I want to see people live for themselves, not for society. I want to see people learn to love themselves when they thought they never could. I want to see people make fitness a lifestyle, not a quick fix. I want to see you change your life and be proud of it. I want to help you reach your true potential, something you never thought was possible.

If you’re willing to give 100%, I will give you 100% right back. Someone once told me, if they could do it for free, they would; I agree. But money will always be a component of many things in life. What you must realize, is that this is an investment in your life, in your health. If you could put a price on your life, would you? Your health, your happiness, it’s invaluable.

This was never about money, it was about YOU – because you are worth so much more than you give yourself credit for, trust me. I made this my life so I could change yours.

WHY?

Patience and Consistency are key. When you want something, you need to work for it; but you also need to figure out WHY you want it.
What will this do for you? How will it make you feel? How will this benefit you and your life?
So why do I want to Squat, Deadlift, or Hip Thrust so much weight?
Because it teaches me patience, which is something I lack. When I want something, I want it now. Do I want to lift 315lbs tomorrow, yes I do. Will I? No.
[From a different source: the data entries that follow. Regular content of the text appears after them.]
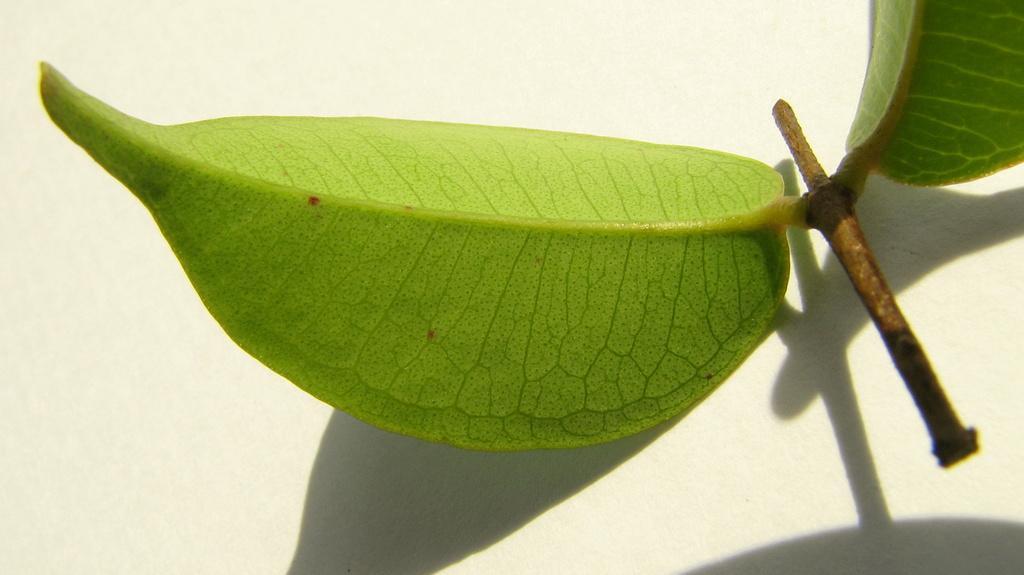Please provide a concise description of this image. In this image we can see one small stem with two green leaves on the surface. 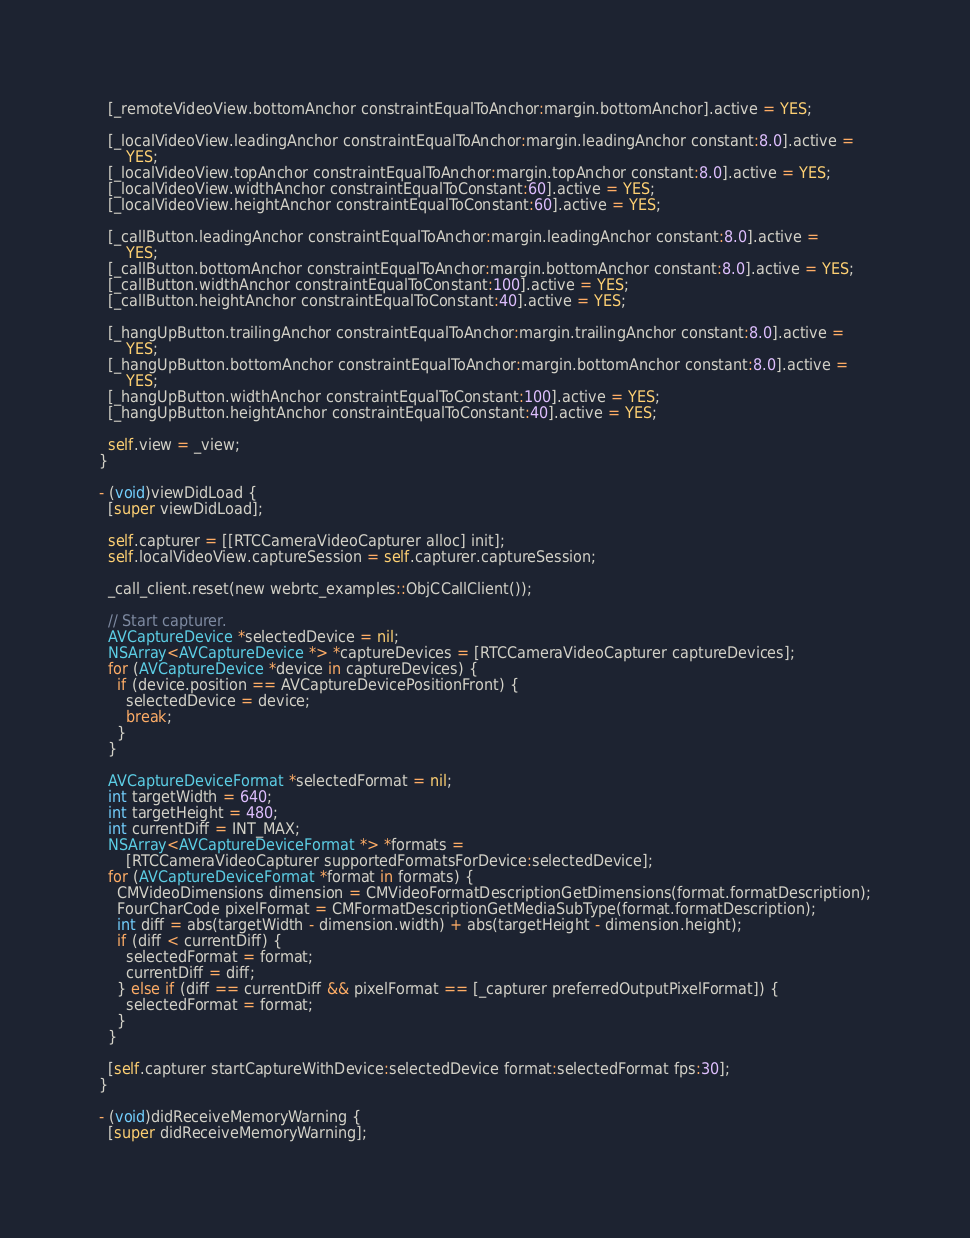<code> <loc_0><loc_0><loc_500><loc_500><_ObjectiveC_>  [_remoteVideoView.bottomAnchor constraintEqualToAnchor:margin.bottomAnchor].active = YES;

  [_localVideoView.leadingAnchor constraintEqualToAnchor:margin.leadingAnchor constant:8.0].active =
      YES;
  [_localVideoView.topAnchor constraintEqualToAnchor:margin.topAnchor constant:8.0].active = YES;
  [_localVideoView.widthAnchor constraintEqualToConstant:60].active = YES;
  [_localVideoView.heightAnchor constraintEqualToConstant:60].active = YES;

  [_callButton.leadingAnchor constraintEqualToAnchor:margin.leadingAnchor constant:8.0].active =
      YES;
  [_callButton.bottomAnchor constraintEqualToAnchor:margin.bottomAnchor constant:8.0].active = YES;
  [_callButton.widthAnchor constraintEqualToConstant:100].active = YES;
  [_callButton.heightAnchor constraintEqualToConstant:40].active = YES;

  [_hangUpButton.trailingAnchor constraintEqualToAnchor:margin.trailingAnchor constant:8.0].active =
      YES;
  [_hangUpButton.bottomAnchor constraintEqualToAnchor:margin.bottomAnchor constant:8.0].active =
      YES;
  [_hangUpButton.widthAnchor constraintEqualToConstant:100].active = YES;
  [_hangUpButton.heightAnchor constraintEqualToConstant:40].active = YES;

  self.view = _view;
}

- (void)viewDidLoad {
  [super viewDidLoad];

  self.capturer = [[RTCCameraVideoCapturer alloc] init];
  self.localVideoView.captureSession = self.capturer.captureSession;

  _call_client.reset(new webrtc_examples::ObjCCallClient());

  // Start capturer.
  AVCaptureDevice *selectedDevice = nil;
  NSArray<AVCaptureDevice *> *captureDevices = [RTCCameraVideoCapturer captureDevices];
  for (AVCaptureDevice *device in captureDevices) {
    if (device.position == AVCaptureDevicePositionFront) {
      selectedDevice = device;
      break;
    }
  }

  AVCaptureDeviceFormat *selectedFormat = nil;
  int targetWidth = 640;
  int targetHeight = 480;
  int currentDiff = INT_MAX;
  NSArray<AVCaptureDeviceFormat *> *formats =
      [RTCCameraVideoCapturer supportedFormatsForDevice:selectedDevice];
  for (AVCaptureDeviceFormat *format in formats) {
    CMVideoDimensions dimension = CMVideoFormatDescriptionGetDimensions(format.formatDescription);
    FourCharCode pixelFormat = CMFormatDescriptionGetMediaSubType(format.formatDescription);
    int diff = abs(targetWidth - dimension.width) + abs(targetHeight - dimension.height);
    if (diff < currentDiff) {
      selectedFormat = format;
      currentDiff = diff;
    } else if (diff == currentDiff && pixelFormat == [_capturer preferredOutputPixelFormat]) {
      selectedFormat = format;
    }
  }

  [self.capturer startCaptureWithDevice:selectedDevice format:selectedFormat fps:30];
}

- (void)didReceiveMemoryWarning {
  [super didReceiveMemoryWarning];</code> 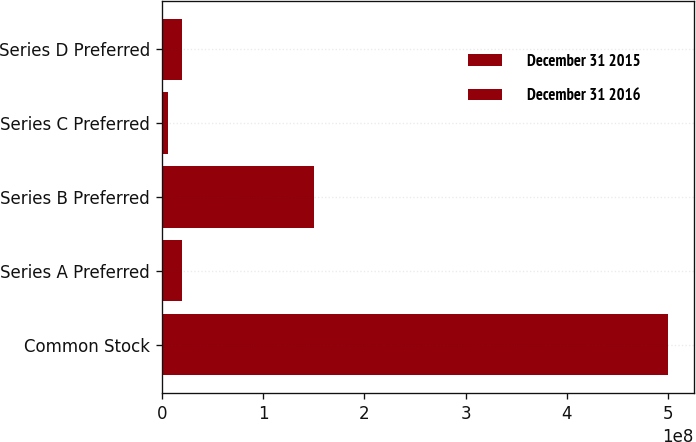Convert chart to OTSL. <chart><loc_0><loc_0><loc_500><loc_500><stacked_bar_chart><ecel><fcel>Common Stock<fcel>Series A Preferred<fcel>Series B Preferred<fcel>Series C Preferred<fcel>Series D Preferred<nl><fcel>December 31 2015<fcel>5e+08<fcel>2e+07<fcel>1.5e+08<fcel>6e+06<fcel>2e+07<nl><fcel>December 31 2016<fcel>5e+08<fcel>2e+07<fcel>1.5e+08<fcel>6e+06<fcel>2e+07<nl></chart>

Working towards my goals has taught me how to slow down, take my time, and do it safely. Training your body should help you mentally, physically, and spiritually. It also gives me a sense of accomplishment and satisfaction that I can’t replace. It shows me that the training I put in day in and day out is worth it. My body is growing and getting stronger. I am breaking my own plateaus and improving my mindset.
This is my WHY.
So today, I want you to ask yourself WHY you want this. Why did you choose the goals that you have? Because once you figure that out, consistency will follow.